▶ _GIVEN DATA_:
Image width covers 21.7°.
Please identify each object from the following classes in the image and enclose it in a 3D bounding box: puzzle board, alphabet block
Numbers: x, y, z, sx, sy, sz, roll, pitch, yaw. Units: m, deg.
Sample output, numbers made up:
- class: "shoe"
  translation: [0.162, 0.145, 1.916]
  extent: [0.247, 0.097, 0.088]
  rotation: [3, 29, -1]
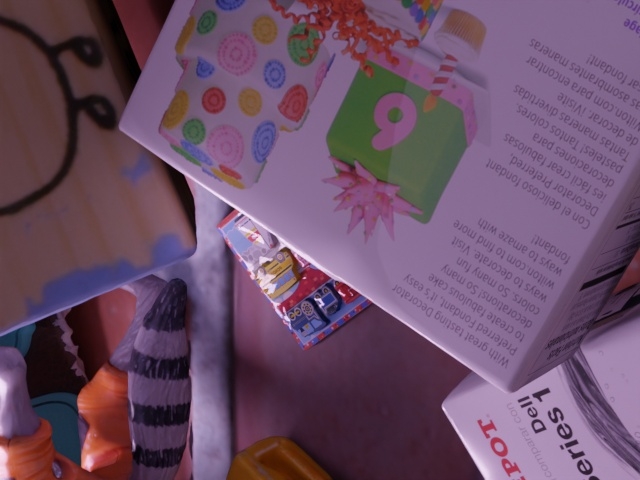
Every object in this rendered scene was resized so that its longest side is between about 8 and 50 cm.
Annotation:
- class: "puzzle board"
  translation: [0.000, 0.000, 0.998]
  extent: [0.128, 0.011, 0.096]
  rotation: [-39, 87, 39]
- class: "alphabet block"
  translation: [-0.189, -0.061, 0.924]
  extent: [0.192, 0.193, 0.197]
  rotation: [-23, 101, -2]

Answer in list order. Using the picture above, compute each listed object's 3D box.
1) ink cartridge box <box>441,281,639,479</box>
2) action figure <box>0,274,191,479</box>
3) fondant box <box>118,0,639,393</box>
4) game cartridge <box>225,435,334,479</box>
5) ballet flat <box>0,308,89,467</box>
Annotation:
- class: "ink cartridge box"
  translation: [0.195, 0.099, 0.853]
  extent: [0.219, 0.092, 0.160]
  rotation: [-30, 92, 40]
- class: "action figure"
  translation: [-0.133, 0.201, 0.986]
  extent: [0.178, 0.341, 0.330]
  rotation: [-11, 99, 14]
- class: "fondant box"
  translation: [0.082, -0.133, 0.769]
  extent: [0.238, 0.096, 0.330]
  rotation: [34, 109, 18]
- class: "game cartridge"
  translation: [0.011, 0.331, 1.093]
  extent: [0.285, 0.053, 0.323]
  rotation: [41, 131, 26]
- class: "ballet flat"
  translation: [-0.233, 0.085, 1.146]
  extent: [0.147, 0.147, 0.409]
  rotation: [9, 113, 32]
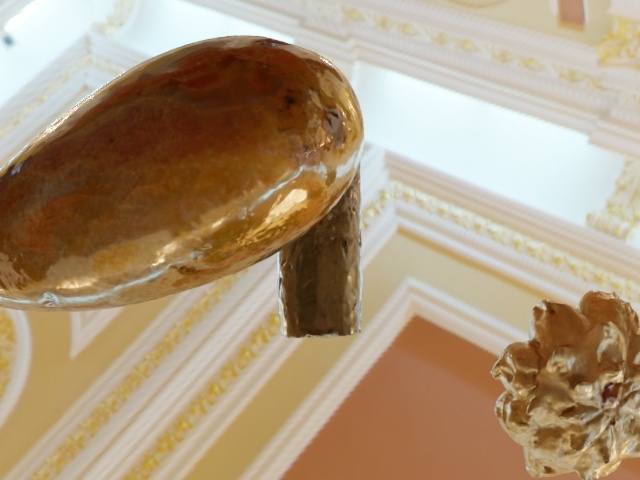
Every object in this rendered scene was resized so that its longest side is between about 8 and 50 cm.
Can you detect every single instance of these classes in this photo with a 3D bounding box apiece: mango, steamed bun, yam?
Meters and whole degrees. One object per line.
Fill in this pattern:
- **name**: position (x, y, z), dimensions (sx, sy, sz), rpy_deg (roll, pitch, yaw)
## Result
- **mango**: position (-0.123, -0.037, 0.668), dimensions (0.316, 0.146, 0.193), rpy_deg (-17, -159, 11)
- **steamed bun**: position (0.394, 0.229, 1.441), dimensions (0.295, 0.292, 0.137), rpy_deg (-59, -156, 4)
- **yam**: position (0.000, 0.000, 0.847), dimensions (0.078, 0.078, 0.179), rpy_deg (-7, -108, 15)
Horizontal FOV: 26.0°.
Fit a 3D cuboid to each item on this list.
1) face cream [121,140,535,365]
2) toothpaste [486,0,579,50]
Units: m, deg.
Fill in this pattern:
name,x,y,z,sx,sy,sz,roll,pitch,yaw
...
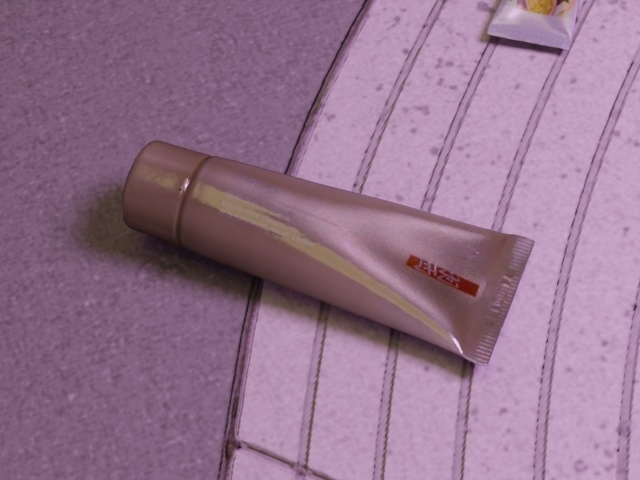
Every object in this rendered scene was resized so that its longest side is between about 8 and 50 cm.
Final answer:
name,x,y,z,sx,sy,sz,roll,pitch,yaw
face cream,0.000,0.000,1.180,0.341,0.084,0.137,18,54,13
toothpaste,0.241,-0.318,1.346,0.058,0.056,0.314,-14,49,52
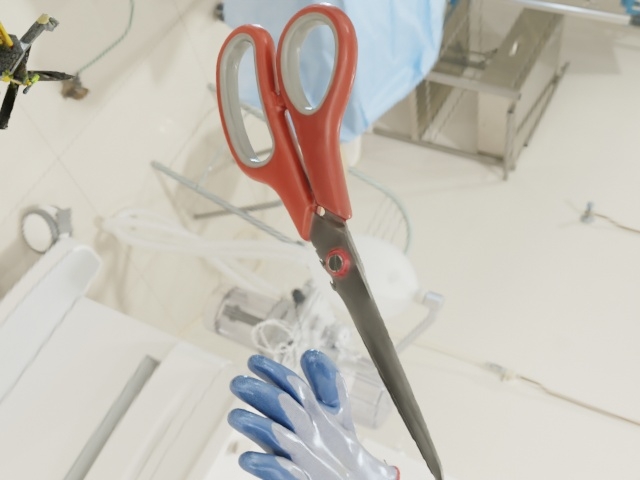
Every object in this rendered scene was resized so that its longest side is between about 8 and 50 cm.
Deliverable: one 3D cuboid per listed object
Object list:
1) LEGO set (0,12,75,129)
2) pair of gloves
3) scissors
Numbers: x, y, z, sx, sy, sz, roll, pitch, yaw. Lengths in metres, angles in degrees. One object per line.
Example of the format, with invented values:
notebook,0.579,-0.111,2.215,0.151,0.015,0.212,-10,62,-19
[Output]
LEGO set,-0.395,-0.117,0.629,0.192,0.332,0.254,82,16,-59
pair of gloves,-0.004,0.158,0.412,0.159,0.023,0.198,44,43,-34
scissors,0.000,0.000,0.446,0.021,0.109,0.297,0,74,-55
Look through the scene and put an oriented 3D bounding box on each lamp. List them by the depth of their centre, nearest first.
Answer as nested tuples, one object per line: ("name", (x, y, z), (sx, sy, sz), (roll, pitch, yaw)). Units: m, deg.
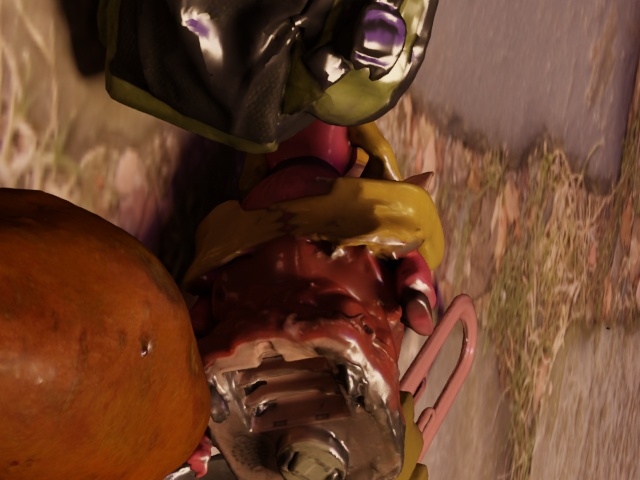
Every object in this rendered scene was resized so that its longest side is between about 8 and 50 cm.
("lamp", (0.000, 0.000, 0.758), (0.253, 0.118, 0.118), (-85, 165, -50))

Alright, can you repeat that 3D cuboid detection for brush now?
("brush", (0.048, 0.115, 0.972), (0.233, 0.047, 0.103), (-56, 144, -46))

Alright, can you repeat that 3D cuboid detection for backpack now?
("backpack", (0.008, -0.165, 0.635), (0.207, 0.140, 0.253), (-57, 169, -46))

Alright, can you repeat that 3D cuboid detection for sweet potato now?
("sweet potato", (-0.100, 0.037, 0.550), (0.359, 0.112, 0.112), (59, 43, -73))

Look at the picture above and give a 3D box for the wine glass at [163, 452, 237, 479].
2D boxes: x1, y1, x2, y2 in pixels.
("wine glass", (-0.034, 0.202, 0.758), (0.122, 0.122, 0.183), (-48, 144, -50))
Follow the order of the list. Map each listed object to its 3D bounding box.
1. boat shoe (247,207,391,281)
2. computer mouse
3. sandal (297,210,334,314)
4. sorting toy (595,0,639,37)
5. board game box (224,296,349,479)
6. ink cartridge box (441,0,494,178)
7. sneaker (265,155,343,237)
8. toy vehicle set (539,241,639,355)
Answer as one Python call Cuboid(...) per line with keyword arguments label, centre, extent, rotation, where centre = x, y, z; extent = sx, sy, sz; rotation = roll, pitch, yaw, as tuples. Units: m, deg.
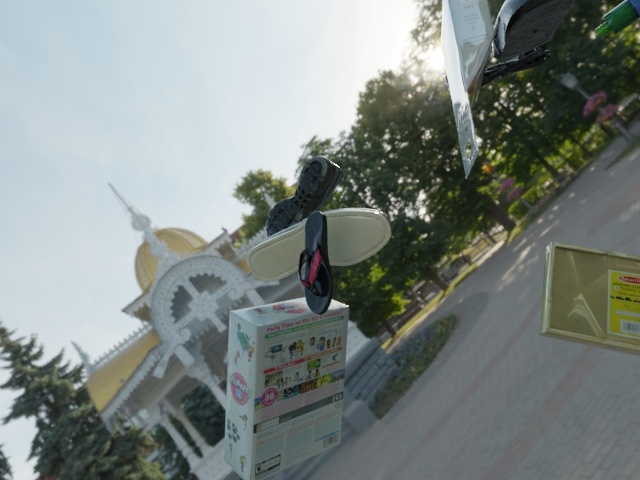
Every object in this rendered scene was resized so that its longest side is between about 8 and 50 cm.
Cuboid(label="boat shoe", centre=(0.000, 0.000, 0.976), extent=(0.324, 0.117, 0.097), rotation=(-20, 13, 28))
Cuboid(label="computer mouse", centre=(0.281, -0.320, 0.748), extent=(0.184, 0.060, 0.262), rotation=(-20, -8, 16))
Cuboid(label="sandal", centre=(-0.015, 0.036, 0.795), extent=(0.040, 0.179, 0.067), rotation=(12, -23, -42))
Cuboid(label="sorting toy", centre=(0.438, -0.145, 0.537), extent=(0.126, 0.366, 0.127), rotation=(-35, -15, 36))
Cuboid(label="board game box", centre=(-0.063, 0.275, 0.919), extent=(0.224, 0.097, 0.303), rotation=(-5, -76, -41))
Cuboid(label="ink cartridge box", centre=(0.214, -0.216, 0.663), extent=(0.056, 0.225, 0.181), rotation=(-12, -6, 12))
Cuboid(label="sneaker", centre=(-0.036, -0.088, 1.205), extent=(0.267, 0.101, 0.106), rotation=(-50, -28, 21))
Cuboid(label="toy vehicle set", centre=(0.520, 0.106, 0.799), extent=(0.035, 0.266, 0.166), rotation=(70, -147, -66))

▶ _TASK ITEM_:
Please retype the data exactly, but do not carry over any picture.

▶ _SOLUTION BELOW_:
Image width covers 21.7°.
Please identify each object from the following classes in the image and enclose it in a 3D bounding box: puzzle board, alphabet block
Numbers: x, y, z, sx, sy, sz, roll, pitch, yaw. Units: m, deg.
Sample output, numbers made up:
- class: "shoe"
  translation: [0.162, 0.145, 1.916]
  extent: [0.247, 0.097, 0.088]
  rotation: [3, 29, -1]
Every object in this rendered scene was resized so that its longest side is between about 8 and 50 cm.
Annotation:
- class: "puzzle board"
  translation: [0.000, 0.000, 0.998]
  extent: [0.128, 0.011, 0.096]
  rotation: [-39, 87, 39]
- class: "alphabet block"
  translation: [-0.189, -0.061, 0.924]
  extent: [0.192, 0.193, 0.197]
  rotation: [-23, 101, -2]

Answer in list order. Using the picture above, compute each listed object's 3D box.
1) ink cartridge box <box>441,281,639,479</box>
2) action figure <box>0,274,191,479</box>
3) fondant box <box>118,0,639,393</box>
4) game cartridge <box>225,435,334,479</box>
5) ballet flat <box>0,308,89,467</box>
Annotation:
- class: "ink cartridge box"
  translation: [0.195, 0.099, 0.853]
  extent: [0.219, 0.092, 0.160]
  rotation: [-30, 92, 40]
- class: "action figure"
  translation: [-0.133, 0.201, 0.986]
  extent: [0.178, 0.341, 0.330]
  rotation: [-11, 99, 14]
- class: "fondant box"
  translation: [0.082, -0.133, 0.769]
  extent: [0.238, 0.096, 0.330]
  rotation: [34, 109, 18]
- class: "game cartridge"
  translation: [0.011, 0.331, 1.093]
  extent: [0.285, 0.053, 0.323]
  rotation: [41, 131, 26]
- class: "ballet flat"
  translation: [-0.233, 0.085, 1.146]
  extent: [0.147, 0.147, 0.409]
  rotation: [9, 113, 32]
Every object in this rendered scene was resized so that its longest side is between about 8 and 50 cm.
Can you detect every single instance of these classes in this photo with a 3D bounding box apiece: mango, steamed bun, yam?
Meters and whole degrees. One object per line.
Fill in this pattern:
- **name**: position (x, y, z), dimensions (sx, sy, sz), rpy_deg (roll, pitch, yaw)
## Result
- **mango**: position (-0.123, -0.037, 0.668), dimensions (0.316, 0.146, 0.193), rpy_deg (-17, -159, 11)
- **steamed bun**: position (0.394, 0.229, 1.441), dimensions (0.295, 0.292, 0.137), rpy_deg (-59, -156, 4)
- **yam**: position (0.000, 0.000, 0.847), dimensions (0.078, 0.078, 0.179), rpy_deg (-7, -108, 15)
Horizontal FOV: 26.0°.
Fit a 3D cuboid to each item on this list.
1) face cream [121,140,535,365]
2) toothpaste [486,0,579,50]
Units: m, deg.
Fill in this pattern:
name,x,y,z,sx,sy,sz,roll,pitch,yaw
...
Every object in this rendered scene was resized so that its longest side is between about 8 and 50 cm.
Final answer:
name,x,y,z,sx,sy,sz,roll,pitch,yaw
face cream,0.000,0.000,1.180,0.341,0.084,0.137,18,54,13
toothpaste,0.241,-0.318,1.346,0.058,0.056,0.314,-14,49,52
Every object in this rendered scene was resized so that its longest side is between about 8 and 50 cm.
Deliverable: one 3D cuboid per listed object
Object list:
1) LEGO set (0,12,75,129)
2) pair of gloves
3) scissors
Numbers: x, y, z, sx, sy, sz, roll, pitch, yaw. Lengths in metres, angles in degrees. One object per line.
Example of the format, with invented values:
notebook,0.579,-0.111,2.215,0.151,0.015,0.212,-10,62,-19
[Output]
LEGO set,-0.395,-0.117,0.629,0.192,0.332,0.254,82,16,-59
pair of gloves,-0.004,0.158,0.412,0.159,0.023,0.198,44,43,-34
scissors,0.000,0.000,0.446,0.021,0.109,0.297,0,74,-55
Look through the scene and put an oriented 3D bounding box on each lamp. List them by the depth of their centre, nearest first.
Answer as nested tuples, one object per line: ("name", (x, y, z), (sx, sy, sz), (roll, pitch, yaw)). Units: m, deg.
Every object in this rendered scene was resized so that its longest side is between about 8 and 50 cm.
("lamp", (0.000, 0.000, 0.758), (0.253, 0.118, 0.118), (-85, 165, -50))

Alright, can you repeat that 3D cuboid detection for brush now?
("brush", (0.048, 0.115, 0.972), (0.233, 0.047, 0.103), (-56, 144, -46))

Alright, can you repeat that 3D cuboid detection for backpack now?
("backpack", (0.008, -0.165, 0.635), (0.207, 0.140, 0.253), (-57, 169, -46))

Alright, can you repeat that 3D cuboid detection for sweet potato now?
("sweet potato", (-0.100, 0.037, 0.550), (0.359, 0.112, 0.112), (59, 43, -73))

Look at the picture above and give a 3D box for the wine glass at [163, 452, 237, 479].
2D boxes: x1, y1, x2, y2 in pixels.
("wine glass", (-0.034, 0.202, 0.758), (0.122, 0.122, 0.183), (-48, 144, -50))
Follow the order of the list. Map each listed object to its 3D bounding box.
1. boat shoe (247,207,391,281)
2. computer mouse
3. sandal (297,210,334,314)
4. sorting toy (595,0,639,37)
5. board game box (224,296,349,479)
6. ink cartridge box (441,0,494,178)
7. sneaker (265,155,343,237)
8. toy vehicle set (539,241,639,355)
Answer as one Python call Cuboid(...) per line with keyword arguments label, centre, extent, rotation, where centre = x, y, z; extent = sx, sy, sz; rotation = roll, pitch, yaw, as tuples. Units: m, deg.
Every object in this rendered scene was resized so that its longest side is between about 8 and 50 cm.
Cuboid(label="boat shoe", centre=(0.000, 0.000, 0.976), extent=(0.324, 0.117, 0.097), rotation=(-20, 13, 28))
Cuboid(label="computer mouse", centre=(0.281, -0.320, 0.748), extent=(0.184, 0.060, 0.262), rotation=(-20, -8, 16))
Cuboid(label="sandal", centre=(-0.015, 0.036, 0.795), extent=(0.040, 0.179, 0.067), rotation=(12, -23, -42))
Cuboid(label="sorting toy", centre=(0.438, -0.145, 0.537), extent=(0.126, 0.366, 0.127), rotation=(-35, -15, 36))
Cuboid(label="board game box", centre=(-0.063, 0.275, 0.919), extent=(0.224, 0.097, 0.303), rotation=(-5, -76, -41))
Cuboid(label="ink cartridge box", centre=(0.214, -0.216, 0.663), extent=(0.056, 0.225, 0.181), rotation=(-12, -6, 12))
Cuboid(label="sneaker", centre=(-0.036, -0.088, 1.205), extent=(0.267, 0.101, 0.106), rotation=(-50, -28, 21))
Cuboid(label="toy vehicle set", centre=(0.520, 0.106, 0.799), extent=(0.035, 0.266, 0.166), rotation=(70, -147, -66))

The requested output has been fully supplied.